## INFORMATION
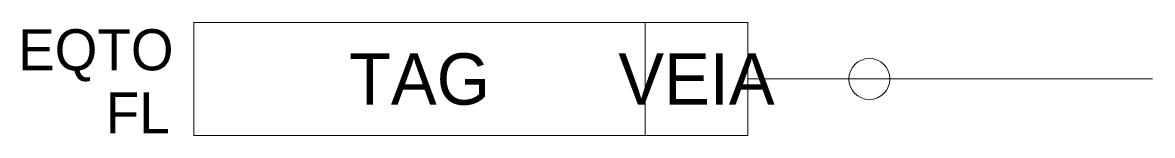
# Model space of a CAD drawing. Header units: millimetres. Extents: x -5.6 to 49.5, y -66.4 to -60.9.
import ezdxf
from ezdxf.enums import TextEntityAlignment as Align

# ---------------------------------------------------------------- set-up
doc = ezdxf.new("R2010")
doc.units = ezdxf.units.MM
doc.header["$MEASUREMENT"] = 0
doc.layers.get('0').update_dxf_attribs({"linetype": 'CONTINUOUS'})
doc.styles.add('INTL_ISO', font='intl_iso.shx')

msp = doc.modelspace()

# ---------------------------------------------------------------- linework, layer by layer
at = {"linetype": 'Continuous', "lineweight": 0}
msp.add_line((24.75, -60.927), (24.75, -66.427), dxfattribs=at)
at = {"color": 7, "linetype": 'Continuous', "lineweight": 0}
msp.add_line((29.769, -63.677), (49.473, -63.677), dxfattribs=at)
at = {"linetype": 'Continuous', "lineweight": 0}
msp.add_lwpolyline([(2.75, -60.927), (2.75, -66.427), (29.75, -66.427), (29.75, -60.927)], close=True, dxfattribs=at)
at = {"color": 7, "linetype": 'Continuous', "lineweight": 0}
msp.add_circle((35.677, -63.677), 1, dxfattribs=at)

# ---------------------------------------------------------------- texts
at = {"color": 7, "style": 'INTL_ISO'}
for tag, p in [('EQTO', (1.76, -62.253)), ('FL', (1.579, -65.332))]:
    msp.add_attdef(tag, text='', height=2, rotation=360, dxfattribs=at).set_placement(p, align=Align.MIDDLE_RIGHT)
for tag, p in [('TAG', (13.75, -63.677)), ('VEIA', (27.25, -63.677))]:
    msp.add_attdef(tag, text='', height=2.5, rotation=360, dxfattribs=at).set_placement(p, align=Align.MIDDLE_CENTER)

doc.saveas('drawing.dxf')

## ASSIGNMENT
Write out every line from the data above that includes "import".

## WRITTEN RESPONSE
import ezdxf
from ezdxf.enums import TextEntityAlignment as Align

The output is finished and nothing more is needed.